My teacher didn't answer this properly:
Is toothpaste solid or liquid?
You can't say toothpaste is a solid because solid material have a fixed shape but toothpaste doesn't. However, you can't say it's a liquid because liquids flow easily but toothpaste needs a certain force to push it out of the tube. So is it a solid or liquid? And are there any other example just like toothpaste?
Answer
Toothpaste is what is called a non-newtonian fluid, more specifically toothpaste is a Bingham plastic. This means that the viscosity of the fluid is linearly dependent on the shear stress, but with an offset called the yield stress (see figure below). This yield stress is what makes it hard to say whether it is liquid or solid.

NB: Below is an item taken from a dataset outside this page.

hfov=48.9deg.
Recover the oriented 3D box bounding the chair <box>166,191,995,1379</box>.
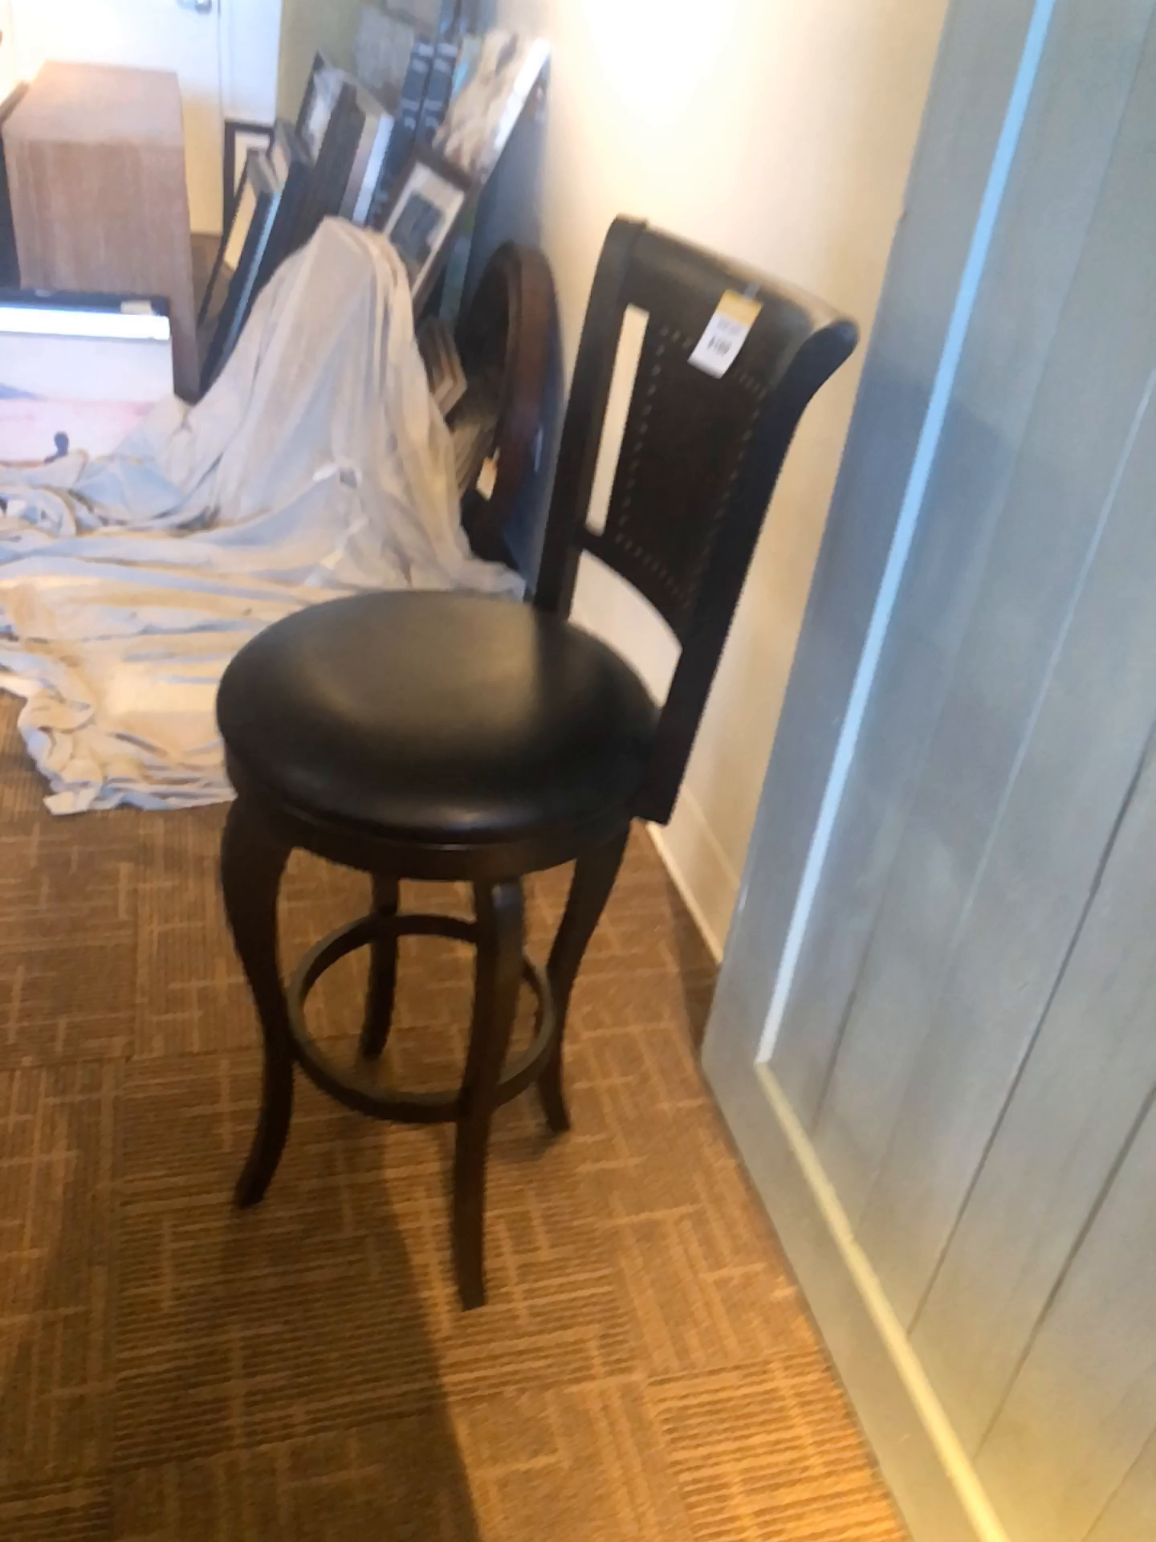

The fact that toothpaste is viscous alone is not sufficient to explain this, because water is also viscous, but doesn't behave like a solid (unless frozen, but that's another phenomenon).
What the yield stress does is the following. Below a certain shear threshold the fluid responds as if it where a solid, as you can see happening when you have put toothpaste on your toothbrush, it just sits there without flowing away. A highly viscous but newtonian fluid would flow away (although slowly as pointed out by @ron in his comment to the answer of @freddy).
Now if you put sufficient shear stress on the toothpaste, when you squeeze the tube of paste, it will start flowing and respond as a liquid.
Other examples, as mentioned in the Wikipedia link in my first sentence, are e.g. mayonnaise and mustard. Another example is silly putty.